Rares sont les dialogues que l’on peut comprendre sans parler anglais. | Finji

Le mois de mars commence à peine que déjà, le joueur moyen a sauvé cette année deux univers, une demi-douzaine de planètes, et une centaine de princesses en détresse. Les occasions de souffler se font rares. Celles de s’ennuyer ne semblent plus qu’une perspective lointaine. Que ces joueurs se rassurent : les développeurs de Night in the Woods ont pensé à eux.

Sorti le 21 février sur PC (et le 28 sur PlayStation 4), Night in the Woods propose de vivre quelques jours dans la peau de Mae, une jeune chatte qui réintègre le foyer familial après l’échec manifeste de ses études. Totalement blasée, un peu cynique, voire un tantinet dépressive, elle joue de la basse. Comme tous les jeunes de sa ville, elle semble sortie d’une version nihiliste du comic Scott Pilgrim.

Night In The Woods Trailer - NEW DATE: FEBRUARY 21st
Durée : 01:24

Ces autres jeunes, ce sont le renard Gregg, le meilleur ami à l’enthousiasme communicatif, et son amoureux, le gros ours (et gros geek) Angus. Il y a aussi Bea, la copine alligator dont l’amitié et la vie familiale s’étiolent. Germ, l’oiseau discret accro aux jeux vidéo, n’est jamais très loin non plus – à l’inverse de l’insaisissable Casey, expédiant scénaristique plus que pote véritable.

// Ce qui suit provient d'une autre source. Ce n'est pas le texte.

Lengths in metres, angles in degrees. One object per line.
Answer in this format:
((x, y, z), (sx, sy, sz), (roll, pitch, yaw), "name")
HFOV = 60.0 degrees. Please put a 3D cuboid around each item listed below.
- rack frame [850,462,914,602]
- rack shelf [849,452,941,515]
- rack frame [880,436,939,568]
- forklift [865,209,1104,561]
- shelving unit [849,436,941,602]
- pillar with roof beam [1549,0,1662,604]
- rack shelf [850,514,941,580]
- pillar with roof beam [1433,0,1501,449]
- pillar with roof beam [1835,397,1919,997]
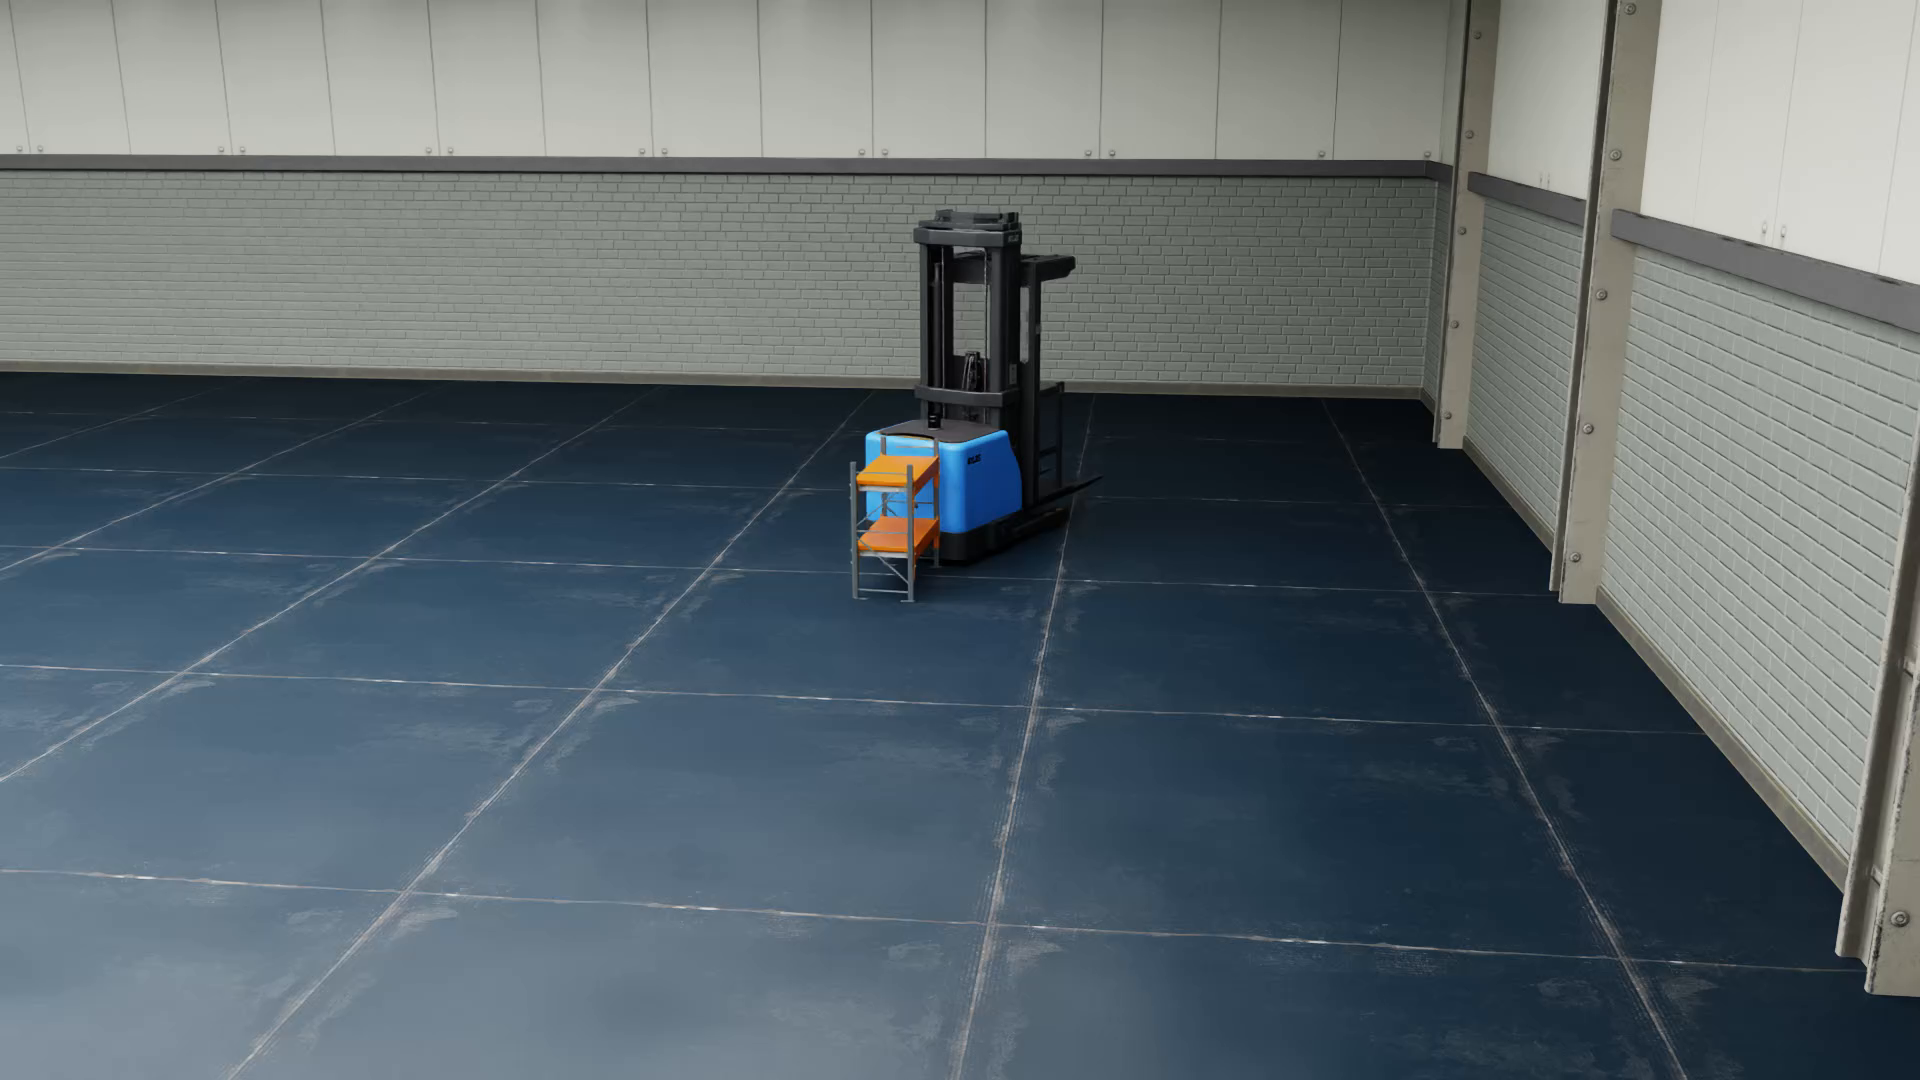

Tous ces jeunes gens font durer ce qu’il leur reste d’adolescence à Possum Springs, bled américain tristement banal. L’automne est déjà là, et les feuilles s’envolent au rythme des rêves qui s’évanouissent. De retour après quelques mois d’absence, Mae tente de se persuader que rien n’a changé, mais ce n’est pas tout à fait vrai. Bea, désormais gothique, est devenue une quasi-inconnue. Ces bons vieux Gregg et Angus, pierres angulaires de sa vie amicale, envisagent de déménager. Ses deux matous de parents ont vieilli.

Fille électrique

Les bas-fonds de Possum Spring, sources de rencontres improbables et de bretzels. | Finji

Dans ce contexte, renouer avec le quotidien est une aventure en soi : chaque jour, Mae se lève sans enthousiasme et va errer en ville, à la recherche d’un truc à faire, de vieilles connaissances avec qui discuter.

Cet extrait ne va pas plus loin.